One of the
unexpected things I’ve learnt in Boston is that the Global Financial
Crisis is not called the Global Financial Crisis in America–and
therefore the TLA of the GFC has no meaning here.
Instead, in
America this might be The Crisis That Has No Name (TCTHNN), because they
don’t call it anything at all: it’s just how the economy is right
now.
Australians, it
seems, are the ones who invented the moniker GFC as a way of describing what
they think they don’t have to understand. Over here, where it is
actually happening, it is just the day to day reality that must be contended
with.
Even more
peculiar is news from some finance sector insiders here who have been in
touch with Australia’s RBA and Treasury, that they describe it as not
the GFC, but the “North Atlantic Financial Crisis”
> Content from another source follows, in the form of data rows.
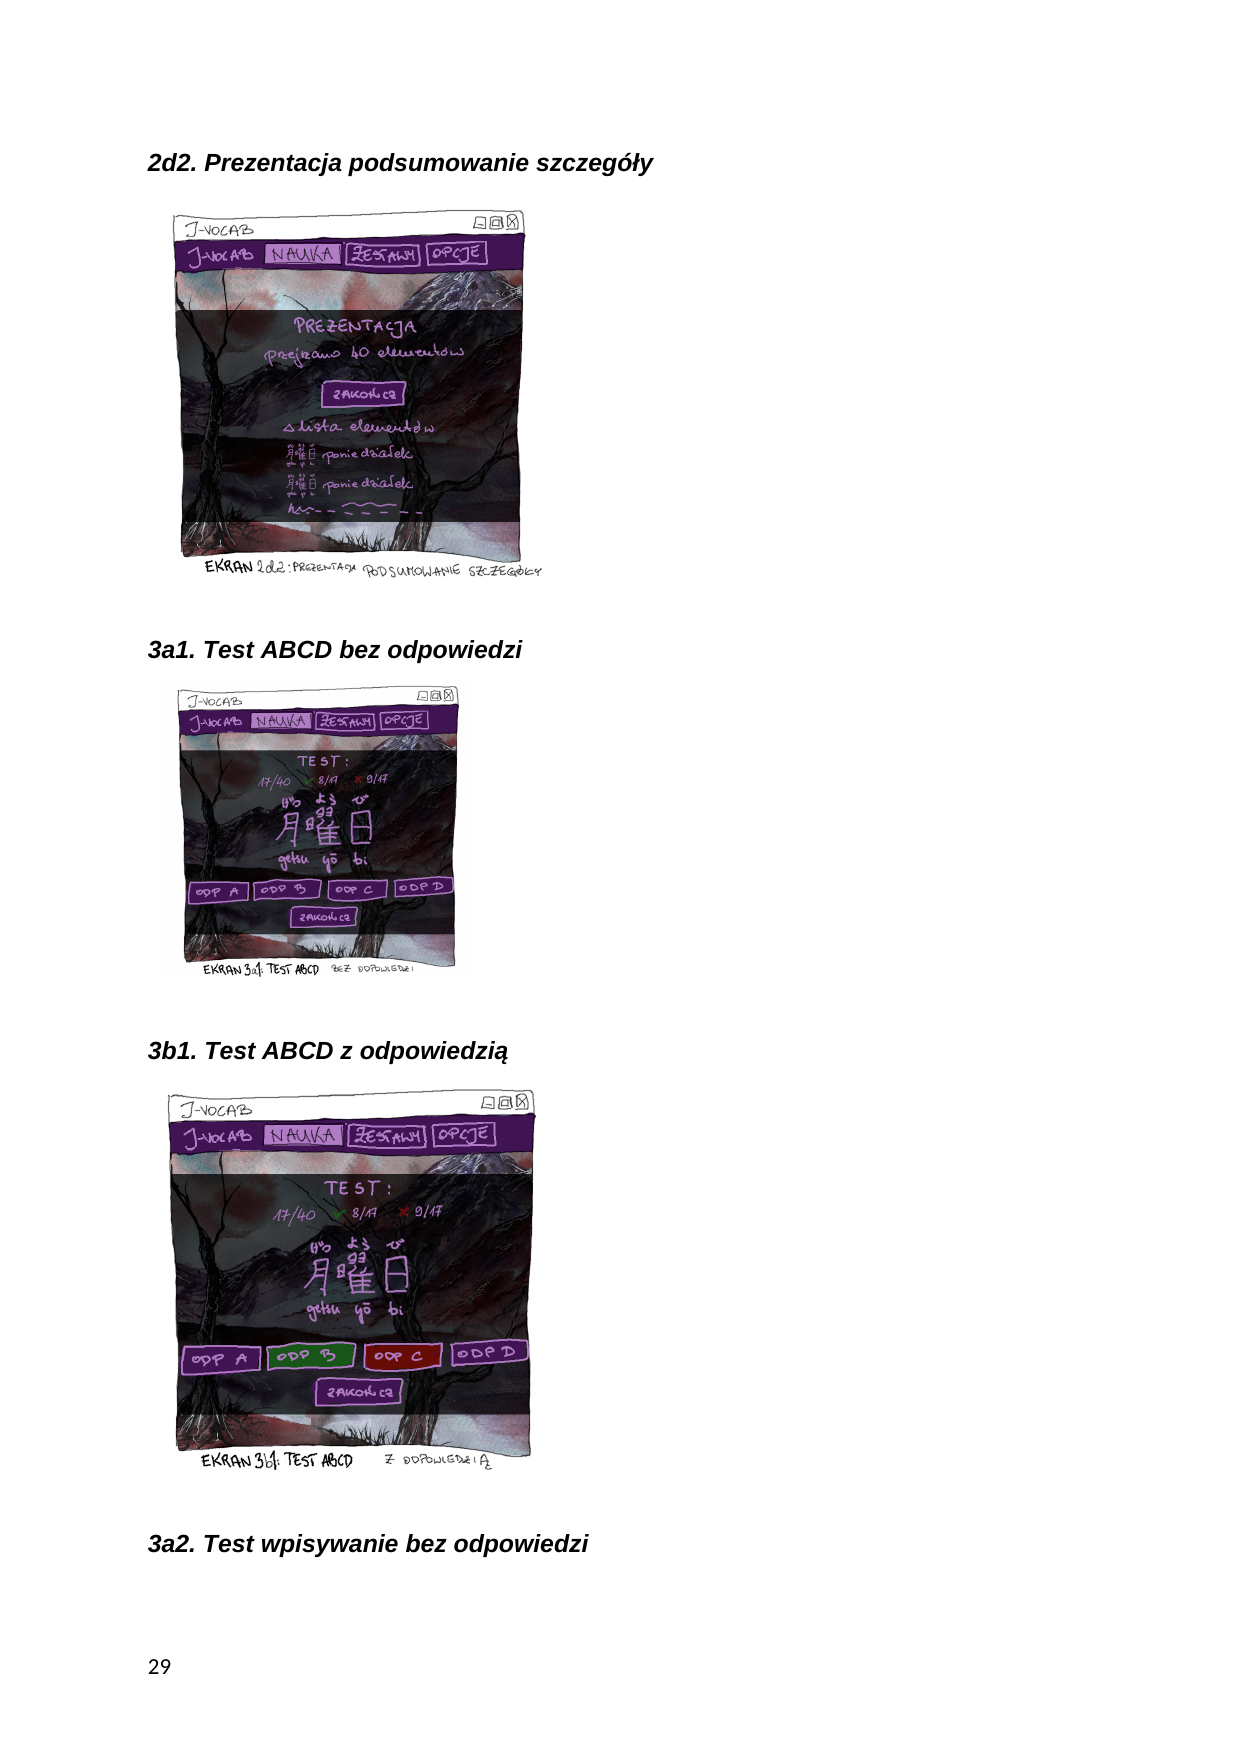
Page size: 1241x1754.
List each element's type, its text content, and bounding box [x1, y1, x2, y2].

subtitle 3b1. Test ABCD z odpowiedzią [148, 1036, 1093, 1064]
subtitle 3a2. Test wpisywanie bez odpowiedzi [148, 1529, 1093, 1558]
picture [161, 677, 473, 979]
picture [147, 1078, 554, 1473]
subtitle 2d2. Prezentacja podsumowanie szczegóły [148, 148, 1093, 176]
subtitle 3a1. Test ABCD bez odpowiedzi [148, 635, 1093, 663]
picture [152, 199, 543, 578]

(“NAFC”)–arguing once again by a label that this crisis is
peculiar to the US and Europe.
Apparently when
asked what Australia has learnt from the crisis, the answer was often
“Nothing, because it didn’t happen here”. The Lucky
Country, it seems, is seen as immune to the crisis by its economic managers.
I know that
I’m more likely to be spoken to by Bears in Boston than Bulls, but even
the Bulls find this Australian complacency–even smugness–about
the crisis bemusing. One insider I spoke to–admittedly a
Bear–commented that he found it so annoying on his last visit to
Australia that he’s sworn never to return.
Good riddance
might be the attitude of some; who needs the negativity? Well, we might, if
the causes of the crisis are not in fact peculiar to the North Atlantic.
For though the
GFC might have had very little bite in Australia to date (and I admit that
the mildness of the downturn to date in Australia did surprise me) we can
only kiss it goodbye if it was really just a Northern Hemisphere Black Swan.
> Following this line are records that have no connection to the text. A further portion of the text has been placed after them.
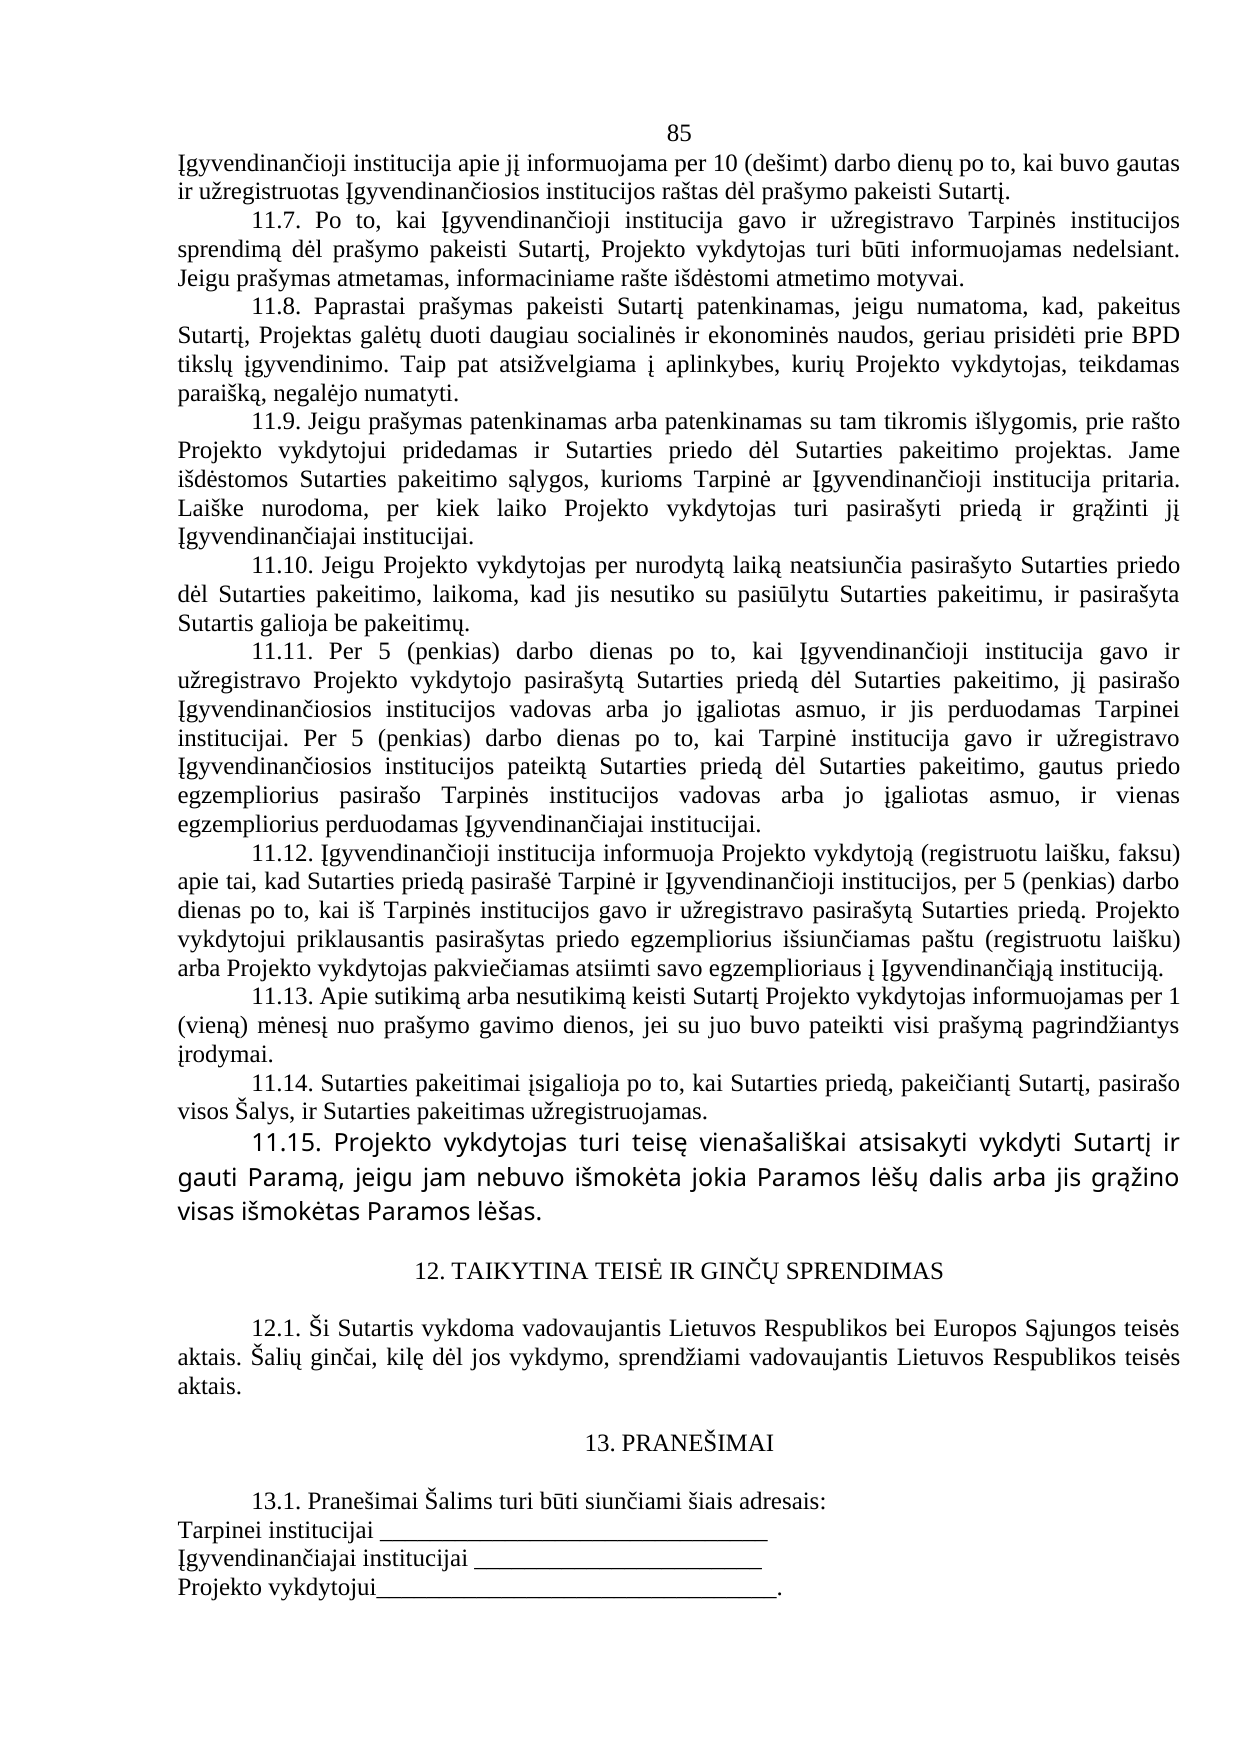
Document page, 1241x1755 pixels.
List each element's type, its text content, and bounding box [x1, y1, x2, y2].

text 11.14. Sutarties pakeitimai įsigalioja po to, kai Sutarties priedą, pakeičiantį Sutartį, pasirašo visos Šalys, ir Sutarties pakeitimas užregistruojamas. [177, 1068, 1181, 1125]
text Įgyvendinančioji institucija apie jį informuojama per 10 (dešimt) darbo dienų po to, kai buvo gautas ir užregistruotas Įgyvendinančiosios institucijos raštas dėl prašymo pakeisti Sutartį. [177, 148, 1181, 205]
text 11.9. Jeigu prašymas patenkinamas arba patenkinamas su tam tikromis išlygomis, prie rašto Projekto vykdytojui pridedamas ir Sutarties priedo dėl Sutarties pakeitimo projektas. Jame išdėstomos Sutarties pakeitimo sąlygos, kurioms Tarpinė ar Įgyvendinančioji institucija pritaria. Laiške nurodoma, per kiek laiko Projekto vykdytojas turi pasirašyti priedą ir grąžinti jį Įgyvendinančiajai institucijai. [177, 406, 1181, 550]
text 12.1. Ši Sutartis vykdoma vadovaujantis Lietuvos Respublikos bei Europos Sąjungos teisės aktais. Šalių ginčai, kilę dėl jos vykdymo, sprendžiami vadovaujantis Lietuvos Respublikos teisės aktais. [177, 1313, 1181, 1400]
text 13. PRANEŠIMAI [177, 1428, 1181, 1457]
text 11.11. Per 5 (penkias) darbo dienas po to, kai Įgyvendinančioji institucija gavo ir užregistravo Projekto vykdytojo pasirašytą Sutarties priedą dėl Sutarties pakeitimo, jį pasirašo Įgyvendinančiosios institucijos vadovas arba jo įgaliotas asmuo, ir jis perduodamas Tarpinei institucijai. Per 5 (penkias) darbo dienas po to, kai Tarpinė institucija gavo ir užregistravo Įgyvendinančiosios institucijos pateiktą Sutarties priedą dėl Sutarties pakeitimo, gautus priedo egzempliorius pasirašo Tarpinės institucijos vadovas arba jo įgaliotas asmuo, ir vienas egzempliorius perduodamas Įgyvendinančiajai institucijai. [177, 636, 1181, 838]
text 11.7. Po to, kai Įgyvendinančioji institucija gavo ir užregistravo Tarpinės institucijos sprendimą dėl prašymo pakeisti Sutartį, Projekto vykdytojas turi būti informuojamas nedelsiant. Jeigu prašymas atmetamas, informaciniame rašte išdėstomi atmetimo motyvai. [177, 205, 1181, 291]
text Tarpinei institucijai _______________________________ [177, 1515, 1181, 1543]
text 13.1. Pranešimai Šalims turi būti siunčiami šiais adresais: [177, 1486, 1181, 1515]
text 12. TAIKYTINA TEISĖ IR GINČŲ SPRENDIMAS [177, 1256, 1181, 1285]
text Projekto vykdytojui________________________________. [177, 1572, 1181, 1601]
text 11.10. Jeigu Projekto vykdytojas per nurodytą laiką neatsiunčia pasirašyto Sutarties priedo dėl Sutarties pakeitimo, laikoma, kad jis nesutiko su pasiūlytu Sutarties pakeitimu, ir pasirašyta Sutartis galioja be pakeitimų. [177, 550, 1181, 636]
text 11.13. Apie sutikimą arba nesutikimą keisti Sutartį Projekto vykdytojas informuojamas per 1 (vieną) mėnesį nuo prašymo gavimo dienos, jei su juo buvo pateikti visi prašymą pagrindžiantys įrodymai. [177, 981, 1181, 1068]
text Įgyvendinančiajai institucijai _______________________ [177, 1543, 1181, 1572]
text 11.8. Paprastai prašymas pakeisti Sutartį patenkinamas, jeigu numatoma, kad, pakeitus Sutartį, Projektas galėtų duoti daugiau socialinės ir ekonominės naudos, geriau prisidėti prie BPD tikslų įgyvendinimo. Taip pat atsižvelgiama į aplinkybes, kurių Projekto vykdytojas, teikdamas paraišką, negalėjo numatyti. [177, 291, 1181, 406]
text 11.12. Įgyvendinančioji institucija informuoja Projekto vykdytoją (registruotu laišku, faksu) apie tai, kad Sutarties priedą pasirašė Tarpinė ir Įgyvendinančioji institucijos, per 5 (penkias) darbo dienas po to, kai iš Tarpinės institucijos gavo ir užregistravo pasirašytą Sutarties priedą. Projekto vykdytojui priklausantis pasirašytas priedo egzempliorius išsiunčiamas paštu (registruotu laišku) arba Projekto vykdytojas pakviečiamas atsiimti savo egzemplioriaus į Įgyvendinančiąją instituciją. [177, 838, 1181, 981]
text 11.15. Projekto vykdytojas turi teisę vienašališkai atsisakyti vykdyti Sutartį ir gauti Paramą, jeigu jam nebuvo išmokėta jokia Paramos lėšų dalis arba jis grąžino visas išmokėtas Paramos lėšas. [177, 1125, 1181, 1227]

If instead its causes are more general, then as the US now starts to fear a
DDR (Double Dip Recession), Australia might find that it’s not so Lucky
after all.
Here there is one
indicator that I think explains why Australia has not suffered as badly as
its North Atlantic counterparts, but also why there will be no easy recovery:
the contribution that rising debt makes to aggregate demand. Though I am a
critic of the extent to which our economies have become debt-dependent,
there’s one unmistakeable fact about our post-1970 recoveries: they
have all involved a rising level of private debt compared to GDP.
I’ve
recently done a comparison of how the US today compares to the US in the
1930s on this front, and the results–published in an earlier
post–were intriguing.
The US was
actually suffering a more severe private sector deleveraging this time than
in the 1930s: in 1928, rising debt was adding about 8% to the level of
aggregate demand. That is, demand was 8% higher than it would have been had
debt been constant. By the depths of the Great Depression, falling debt was
making aggregate demand about 25% lower than it would have been had debt been
constant.
The story for
today is more extreme: at the end of 2007, rising debt made aggregate demand
22% higher than it would have been had debt been constant–so rising
debt today was almost three times as important in our pre-GFC boom as it was
in the 1920s. Two and a half years later, falling private sector debt was
reducing demand by almost 15%. This was not as bad as the worst levels of the
Great Depression, but worse than in 1931, which was the comparable time from
the beginning of the downturn in private debt.
The positive
difference between then and now in the USA turned out to be the contribution
to demand made by rising Government debt. The government-financed proportion
of demand in the Great Depression was trivial two years into the crisis, and
only became substantial–at about 7.5% of aggregate demand–three
years in. In contrast, government spending is making aggregate demand almost
13 percent higher now. But even then, the USA is still deleveraging.
That’s the
comparison the the USA today with itself 80 years ago; what about the
comparison of the USA today with Australia today? The chart below
provides it.
Firstly,
Australia is running a couple of months behind the USA in the crisis. But
that’s minor compared to the difference in scale. Private debt added
slightly less to demand in Australia during the boom times–a maximum of
18.75% of aggregate demand was financed by private debt, compared to over 22%
for the USA. But deleveraging hasn’t even begun here: the
private-debt-financed contribution to demand flirted with zero in late 2009,
but has been positive throughout. Rising private sector debt today is adding
about 2% to aggregate demand. Rising government debt is adding about another
2 percent on top of that.
So Australia
hasn’t yet delevered–in contrast to the USA. Does that mean we
have a “get out of the GFC Free” card? That depends on whether
we’ve avoided what caused the GFC in the first place–a runup of
excessive private debt during a speculative bubble.
There the answer
is equivocal. While we have substantially less debt than the USA (though some
correspondents have argued that the RBA figures I use understate the level of
finance sector debt here), our debt to GDP ratio is 90% higher than it was
back in the Great Depression.
So we have less
deleveraging potential than the USA, and we haven’t even begun to do it
yet–which is why the GFC has appeared to be a North Atlantic
phenomenon. And if we can prevent deleveraging, then we won’t see the
depths of the downturn that the North Atlantic has seen either.
But there is a
downside to no deleveraging. We have a household sector that is even more
indebted than its US counterpart. The odds are that this sector will be
debt-constrained in its spending, and the recovery will be stalled as a
result. So
the GFC is not entirely a NAFC.
Steve Keen
DebtDeflation
Steve Keen is associate professor at the University of Western Sydney
School of Economics and Finance. As an economist, he does something very
unusual : he treats money seriously, and as a result he gets a very different
result on how the economy operates.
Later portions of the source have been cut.